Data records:

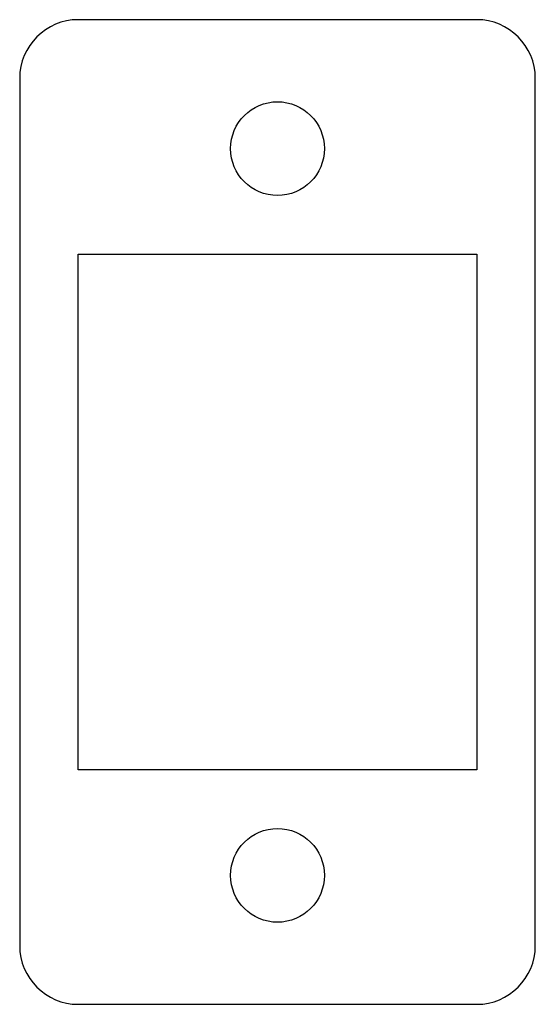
# Model space of a CAD drawing. Header units: millimetres. Extents: x 8.5 to 30.5, y -251.5 to -209.5.
import ezdxf

# ---------------------------------------------------------------- set-up
doc = ezdxf.new("R2010")
doc.units = ezdxf.units.MM
doc.layers.add('Body006', color=7, linetype='CONTINUOUS')

msp = doc.modelspace()

# ---------------------------------------------------------------- linework, layer by layer
at = {"layer": 'Body006'}
for p, q in [((28, -209.5), (11, -209.5)), ((11, -209.5), (11, -209.5, -3)), ((28, -209.5), (11, -209.5)), ((11, -209.5), (11, -209.5, -3)), ((28, -209.5, -3), (11, -209.5, -3)), ((28, -209.5, -3), (11, -209.5, -3)), ((28, -209.5), (28, -209.5, -3)), ((28, -209.5), (28, -209.5, -3)), ((8.5, -212), (8.5, -249)), ((8.5, -212), (8.5, -249)), ((8.5, -212), (8.5, -212, -3)), ((8.5, -212, -3), (8.5, -249, -3)), ((8.5, -212), (8.5, -212, -3)), ((8.5, -212, -3), (8.5, -249, -3)), ((30.5, -249), (30.5, -212)), ((30.5, -249), (30.5, -212)), ((30.5, -212), (30.5, -212, -3)), ((30.5, -249, -3), (30.5, -212, -3)), ((30.5, -212), (30.5, -212, -3)), ((30.5, -249, -3), (30.5, -212, -3)), ((21.5, -215), (21.5, -215, -3)), ((21.5, -215), (21.5, -215, -3)), ((11, -241.5), (11, -219.5)), ((11, -219.5), (28, -219.5)), ((11, -241.5), (11, -219.5)), ((11, -219.5), (11, -219.5, -3)), ((11, -241.5, -3), (11, -219.5, -3)), ((11, -219.5), (28, -219.5)), ((11, -219.5, -3), (28, -219.5, -3)), ((11, -219.5), (11, -219.5, -3)), ((11, -241.5, -3), (11, -219.5, -3)), ((11, -219.5, -3), (28, -219.5, -3)), ((28, -219.5), (28, -241.5)), ((28, -219.5), (28, -241.5)), ((28, -219.5, -3), (28, -241.5, -3)), ((28, -219.5), (28, -219.5, -3)), ((28, -219.5), (28, -219.5, -3)), ((28, -219.5, -3), (28, -241.5, -3)), ((28, -241.5), (11, -241.5)), ((11, -241.5), (11, -241.5, -3)), ((28, -241.5), (11, -241.5)), ((11, -241.5), (11, -241.5, -3)), ((28, -241.5, -3), (11, -241.5, -3)), ((28, -241.5, -3), (11, -241.5, -3)), ((28, -241.5), (28, -241.5, -3)), ((28, -241.5), (28, -241.5, -3)), ((21.5, -246), (21.5, -246, -3)), ((21.5, -246), (21.5, -246, -3)), ((8.5, -249), (8.5, -249, -3)), ((8.5, -249), (8.5, -249, -3)), ((30.5, -249), (30.5, -249, -3)), ((30.5, -249), (30.5, -249, -3)), ((11, -251.5), (28, -251.5)), ((11, -251.5), (28, -251.5)), ((11, -251.5), (11, -251.5, -3)), ((11, -251.5, -3), (28, -251.5, -3)), ((11, -251.5), (11, -251.5, -3)), ((11, -251.5, -3), (28, -251.5, -3)), ((28, -251.5), (28, -251.5, -3)), ((28, -251.5), (28, -251.5, -3))]:
    msp.add_line(p, q, dxfattribs=at)
for centre in [(19.5, -215), (19.5, -215), (19.5, -215), (19.5, -215), (19.5, -246), (19.5, -246), (19.5, -246), (19.5, -246)]:
    msp.add_circle(centre, 2, dxfattribs=at)
for centre, start, end in [((11, -212), 90, 180), ((11, -212), 90, 180), ((11, -212, -3), 90, 180), ((11, -212, -3), 90, 180), ((28, -212), 0, 90), ((28, -212), 0, 90), ((28, -212, -3), 0, 90), ((28, -212, -3), 0, 90), ((11, -249), 180, -90), ((11, -249), 180, -90), ((11, -249, -3), 180, -90), ((11, -249, -3), 180, -90), ((28, -249), -90, 0), ((28, -249), -90, 0), ((28, -249, -3), -90, 0), ((28, -249, -3), -90, 0)]:
    msp.add_arc(centre, 2.5, start, end, dxfattribs=at)

doc.saveas('drawing.dxf')

EXERCISE AIM:
No pictures belong in the copy. Repeat the entries exactly.

WRITTEN REPLY:
# Model space of a CAD drawing. Header units: millimetres. Extents: x 8.5 to 30.5, y -251.5 to -209.5.
import ezdxf

# ---------------------------------------------------------------- set-up
doc = ezdxf.new("R2010")
doc.units = ezdxf.units.MM
doc.layers.add('Body006', color=7, linetype='CONTINUOUS')

msp = doc.modelspace()

# ---------------------------------------------------------------- linework, layer by layer
at = {"layer": 'Body006'}
for p, q in [((28, -209.5), (11, -209.5)), ((11, -209.5), (11, -209.5, -3)), ((28, -209.5), (11, -209.5)), ((11, -209.5), (11, -209.5, -3)), ((28, -209.5, -3), (11, -209.5, -3)), ((28, -209.5, -3), (11, -209.5, -3)), ((28, -209.5), (28, -209.5, -3)), ((28, -209.5), (28, -209.5, -3)), ((8.5, -212), (8.5, -249)), ((8.5, -212), (8.5, -249)), ((8.5, -212), (8.5, -212, -3)), ((8.5, -212, -3), (8.5, -249, -3)), ((8.5, -212), (8.5, -212, -3)), ((8.5, -212, -3), (8.5, -249, -3)), ((30.5, -249), (30.5, -212)), ((30.5, -249), (30.5, -212)), ((30.5, -212), (30.5, -212, -3)), ((30.5, -249, -3), (30.5, -212, -3)), ((30.5, -212), (30.5, -212, -3)), ((30.5, -249, -3), (30.5, -212, -3)), ((21.5, -215), (21.5, -215, -3)), ((21.5, -215), (21.5, -215, -3)), ((11, -241.5), (11, -219.5)), ((11, -219.5), (28, -219.5)), ((11, -241.5), (11, -219.5)), ((11, -219.5), (11, -219.5, -3)), ((11, -241.5, -3), (11, -219.5, -3)), ((11, -219.5), (28, -219.5)), ((11, -219.5, -3), (28, -219.5, -3)), ((11, -219.5), (11, -219.5, -3)), ((11, -241.5, -3), (11, -219.5, -3)), ((11, -219.5, -3), (28, -219.5, -3)), ((28, -219.5), (28, -241.5)), ((28, -219.5), (28, -241.5)), ((28, -219.5, -3), (28, -241.5, -3)), ((28, -219.5), (28, -219.5, -3)), ((28, -219.5), (28, -219.5, -3)), ((28, -219.5, -3), (28, -241.5, -3)), ((28, -241.5), (11, -241.5)), ((11, -241.5), (11, -241.5, -3)), ((28, -241.5), (11, -241.5)), ((11, -241.5), (11, -241.5, -3)), ((28, -241.5, -3), (11, -241.5, -3)), ((28, -241.5, -3), (11, -241.5, -3)), ((28, -241.5), (28, -241.5, -3)), ((28, -241.5), (28, -241.5, -3)), ((21.5, -246), (21.5, -246, -3)), ((21.5, -246), (21.5, -246, -3)), ((8.5, -249), (8.5, -249, -3)), ((8.5, -249), (8.5, -249, -3)), ((30.5, -249), (30.5, -249, -3)), ((30.5, -249), (30.5, -249, -3)), ((11, -251.5), (28, -251.5)), ((11, -251.5), (28, -251.5)), ((11, -251.5), (11, -251.5, -3)), ((11, -251.5, -3), (28, -251.5, -3)), ((11, -251.5), (11, -251.5, -3)), ((11, -251.5, -3), (28, -251.5, -3)), ((28, -251.5), (28, -251.5, -3)), ((28, -251.5), (28, -251.5, -3))]:
    msp.add_line(p, q, dxfattribs=at)
for centre in [(19.5, -215), (19.5, -215), (19.5, -215), (19.5, -215), (19.5, -246), (19.5, -246), (19.5, -246), (19.5, -246)]:
    msp.add_circle(centre, 2, dxfattribs=at)
for centre, start, end in [((11, -212), 90, 180), ((11, -212), 90, 180), ((11, -212, -3), 90, 180), ((11, -212, -3), 90, 180), ((28, -212), 0, 90), ((28, -212), 0, 90), ((28, -212, -3), 0, 90), ((28, -212, -3), 0, 90), ((11, -249), 180, -90), ((11, -249), 180, -90), ((11, -249, -3), 180, -90), ((11, -249, -3), 180, -90), ((28, -249), -90, 0), ((28, -249), -90, 0), ((28, -249, -3), -90, 0), ((28, -249, -3), -90, 0)]:
    msp.add_arc(centre, 2.5, start, end, dxfattribs=at)

doc.saveas('drawing.dxf')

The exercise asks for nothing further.